Total number of balls in the box = 3

Number of yellow balls = 0

Number of red balls = 3

Probability of yellow balls = Number of yellow balls / Total number of balls

= 0/3 = 0

Probability of red balls = Number of red balls / Total number of balls

= 3/3 = 1

Probability of getting RYRRR in five picks with replacement is:

P(RYRRR) = P(R) x P(Y) x P(R) x P(R) x P(R)

= 1 x 0 x 1 x 1 x 1

= 0

### How many red balls in the box? – Answer

So far we have analyzed four scenarios to find which scenario has the highest likelihood of giving the result RYRRR. The probabilities are found as:

• Scenario – 1 : YYY in box : P(RYRRR) = 0
• Scenario – 2 : YYR in box : P(RYRRR) = 0.0082
• Scenario – 3 : YRR in box : P(RYRRR) = 0.0658
• Scenario – 4 : RRR in box : P(RYRRR) = 0

The third scenario YRR has the highest probability 0.0658. So if you want the outcome as RYRRR, then the input should have been YRR (1 yellow, 2 red balls) in the box. Because this scenario has the maximum chance (maximum likelihood) of giving the output RYRRR.

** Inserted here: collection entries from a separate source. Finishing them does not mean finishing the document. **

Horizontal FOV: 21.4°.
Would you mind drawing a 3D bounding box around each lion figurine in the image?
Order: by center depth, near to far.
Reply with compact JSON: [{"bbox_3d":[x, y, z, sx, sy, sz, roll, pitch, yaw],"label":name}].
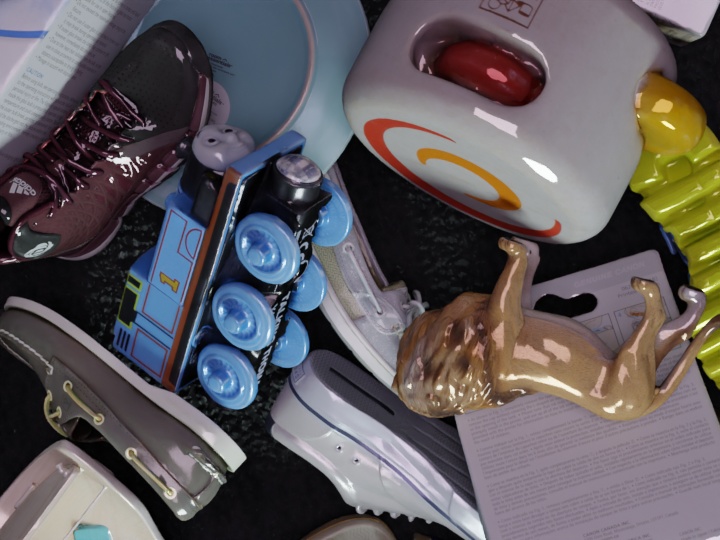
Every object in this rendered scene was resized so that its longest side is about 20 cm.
[{"bbox_3d":[0.124,0.052,1.175,0.199,0.072,0.123,16,97,10],"label":"lion figurine"}]

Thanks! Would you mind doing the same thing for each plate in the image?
[{"bbox_3d":[-0.090,-0.132,1.239,0.199,0.026,0.201,-3,80,16],"label":"plate"}]

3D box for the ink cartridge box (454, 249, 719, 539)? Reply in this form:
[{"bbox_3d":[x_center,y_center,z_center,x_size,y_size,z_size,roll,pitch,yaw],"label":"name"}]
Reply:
[{"bbox_3d":[0.144,0.103,1.216,0.162,0.050,0.201,-17,63,3],"label":"ink cartridge box"}]

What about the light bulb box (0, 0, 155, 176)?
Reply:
[{"bbox_3d":[-0.248,-0.196,1.208,0.198,0.125,0.200,36,93,10],"label":"light bulb box"}]

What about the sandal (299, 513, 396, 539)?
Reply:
[{"bbox_3d":[-0.051,0.242,1.254,0.200,0.054,0.080,-35,109,-13],"label":"sandal"}]

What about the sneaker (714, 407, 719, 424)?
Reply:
[{"bbox_3d":[0.187,0.095,1.248,0.199,0.070,0.076,9,99,2],"label":"sneaker"}]

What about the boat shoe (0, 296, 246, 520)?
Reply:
[{"bbox_3d":[-0.168,0.086,1.233,0.201,0.072,0.060,32,76,22],"label":"boat shoe"}]

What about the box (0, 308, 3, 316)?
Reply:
[{"bbox_3d":[-0.285,0.078,1.196,0.060,0.200,0.117,14,92,1],"label":"box"}]

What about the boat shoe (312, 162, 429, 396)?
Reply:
[{"bbox_3d":[0.000,-0.001,1.251,0.065,0.074,0.202,-34,85,7],"label":"boat shoe"}]

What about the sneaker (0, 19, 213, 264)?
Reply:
[{"bbox_3d":[-0.175,-0.067,1.191,0.076,0.115,0.200,46,125,15],"label":"sneaker"}]

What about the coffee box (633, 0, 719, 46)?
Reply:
[{"bbox_3d":[0.136,-0.220,1.218,0.199,0.114,0.080,24,93,1],"label":"coffee box"}]

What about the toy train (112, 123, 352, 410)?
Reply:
[{"bbox_3d":[-0.082,-0.003,1.189,0.114,0.087,0.200,33,130,17],"label":"toy train"}]

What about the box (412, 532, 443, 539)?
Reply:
[{"bbox_3d":[0.119,0.258,1.278,0.199,0.032,0.122,13,93,2],"label":"box"}]

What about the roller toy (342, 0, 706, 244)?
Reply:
[{"bbox_3d":[0.095,-0.116,1.170,0.182,0.200,0.140,35,77,-28],"label":"roller toy"}]

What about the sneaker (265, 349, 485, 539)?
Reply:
[{"bbox_3d":[0.027,0.133,1.266,0.200,0.073,0.071,38,119,-2],"label":"sneaker"}]

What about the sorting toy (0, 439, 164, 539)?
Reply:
[{"bbox_3d":[-0.187,0.237,1.258,0.180,0.107,0.200,39,85,-12],"label":"sorting toy"}]

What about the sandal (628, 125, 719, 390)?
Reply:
[{"bbox_3d":[0.238,-0.005,1.225,0.079,0.087,0.201,-21,80,18],"label":"sandal"}]
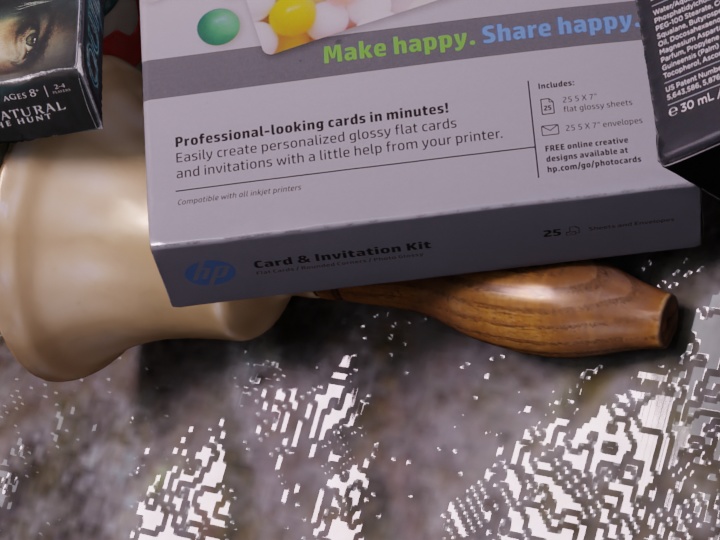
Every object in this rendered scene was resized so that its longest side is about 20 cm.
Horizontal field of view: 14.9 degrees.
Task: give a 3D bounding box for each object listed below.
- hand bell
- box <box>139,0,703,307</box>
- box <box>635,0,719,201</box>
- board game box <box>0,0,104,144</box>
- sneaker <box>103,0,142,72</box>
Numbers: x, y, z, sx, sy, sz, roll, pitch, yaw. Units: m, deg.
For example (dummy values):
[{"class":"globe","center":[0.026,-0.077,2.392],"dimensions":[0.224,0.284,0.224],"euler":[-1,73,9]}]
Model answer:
[{"class":"hand bell","center":[0.000,0.000,0.824],"dimensions":[0.199,0.104,0.105],"euler":[10,79,25]},{"class":"box","center":[0.013,-0.094,0.812],"dimensions":[0.155,0.041,0.201],"euler":[-6,61,4]},{"class":"box","center":[0.171,-0.112,0.728],"dimensions":[0.199,0.079,0.142],"euler":[-21,65,29]},{"class":"board game box","center":[-0.146,-0.112,0.870],"dimensions":[0.135,0.028,0.200],"euler":[-9,47,6]},{"class":"sneaker","center":[-0.166,-0.076,0.927],"dimensions":[0.199,0.094,0.071],"euler":[-1,47,13]}]

As we were initially asked the question “How many red balls are present in the box?”, now you know the answer. There are 2 red balls in the box. (Because the scenario YRR gives maximum likelihood).

The variable you are predicting is called theta. Here you are predicting the number of red balls in the box. So theta is the number of red balls in the box, which is found out using maximum likelihood estimation (MLE) as theta = 2.

## Maximum Likelihood in Machine Learning

We have just seen a simple example of predicting the number of red balls in the box.

In machine learning, you do prediction problems. You will be using machine learning models which uses some parameters. You will need to predict the best set of parameters of the model, so that the model will best fit the data.

For example, in linear regression, a best fit line is what the model needs to predict. A simple equation of line is y = mx + c. Here, m is slope and c is the y-intercept. These are the parameters which has to be predicted.

I mentioned it as simple equation because, it has only one dependent variable x. Usually, there will be many dependent variables. So, you will be predicting the coefficient of each variable, and the constant c.

In machine learning problems, what you want is a line which gives the least possible error. You have to estimate which parameters has the maximum chance (maximum likelihood) of giving such an output – similar to the balls in a box example we saw above.

In the example, we just predicted one variable – the number of red balls in the box. In machine learning, there will be many variables to predict.